ONDON -- Something is stirring behind Britain's television screens and its name is Microsoft.

Just as this country's networks prepare for a satellite-versus-cable battle over the spoils of high-technology digital television, the American software giant is positioning itself as a dominant player in a contest that will revolutionize Britain's cable industry and shape the oft-foretold era when the cable in the living room delivers not just soaps but high-speed Internet access, interactive shopping, telephony and e-mail.

"We are seeing a blurring of the frontiers between personal computer services and television services, a kind of convergence of service options," said Jerome Steenbrink, a vice president at the AT Kearney consultant firm in Paris. "Given that Microsoft dominates the personal computer world, it's clear that they also want to impose some sort of standard" on the future of cable services, in Britain, Continental Europe and the United States.
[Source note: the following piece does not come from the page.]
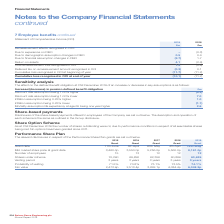According to Spirax Sarco Engineering Plc's financial document, What are the relevant disclosures in the table pertaining to? in respect of the Performance Share Plan grants. The document states: "Performance Share Plan The relevant disclosures in respect of the Performance Share Plan grants are set out below...." Also, What was the number of employees under the 2015 Grant? According to the financial document, 15. The relevant text states: "2015 Grant 2016 Grant 2017 Grant 2018 Grant..." Also, For which years were the relevant disclosures in respect of the Performance Share Plan grants set out? The document contains multiple relevant values: 2015, 2016, 2017, 2018, 2019. From the document: "2018 £m Remeasurement effects recognised in OCI: Due to experience on DBO – (0.3) Due to demographic ass 2015 Grant 2016 Grant 2017 Grant 2018 Grant S..." Additionally, In which year's grant had the largest number of employees? According to the financial document, 2015. The relevant text states: "2015 Grant 2016 Grant 2017 Grant 2018 Grant..." Also, can you calculate: What was the change in the number of shares under scheme under the 2019 Grant from the 2018 Grant? Based on the calculation: 60,626-60,899, the result is -273. This is based on the information: "Shares under scheme 70,290 69,890 62,356 60,899 60,626 Shares under scheme 70,290 69,890 62,356 60,899 60,626..." The key data points involved are: 60,626, 60,899. Also, can you calculate: What was the percentage change in the number of shares under scheme under the 2019 Grant from the 2018 Grant? To answer this question, I need to perform calculations using the financial data. The calculation is: (60,626-60,899)/60,899, which equals -0.45 (percentage). This is based on the information: "Shares under scheme 70,290 69,890 62,356 60,899 60,626 Shares under scheme 70,290 69,890 62,356 60,899 60,626..." The key data points involved are: 60,626, 60,899. 
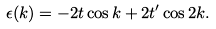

"It's part of a worldwide expansion," said Howard Anderson, managing director of Yankee Group, a research firm in Boston. "Microsoft has made something like 31 technology investments, almost all in the U.S. Now it's the time for Europe."

Just since January, Microsoft has taken a $500 million, 5 percent stake in NTL Inc., Britain's third-largest cable company. It has agreed to buy a $300 million stake in United Pan-European Communications in Amsterdam, Europe's largest cable TV provider.

Last week, as part of a deal with AT&T, Microsoft also committed itself to buy 29.9 percent slice of Britain's Telewest Communications cable operator, currently controlled by Mediaone Group. And Wednesday The Wall Street Journal reported that Microsoft was negotiating for a 30 percent stake in Cable and Wireless PLC's cable-TV company, Cable and Wireless Communications. Neither company would publicly confirm the deal.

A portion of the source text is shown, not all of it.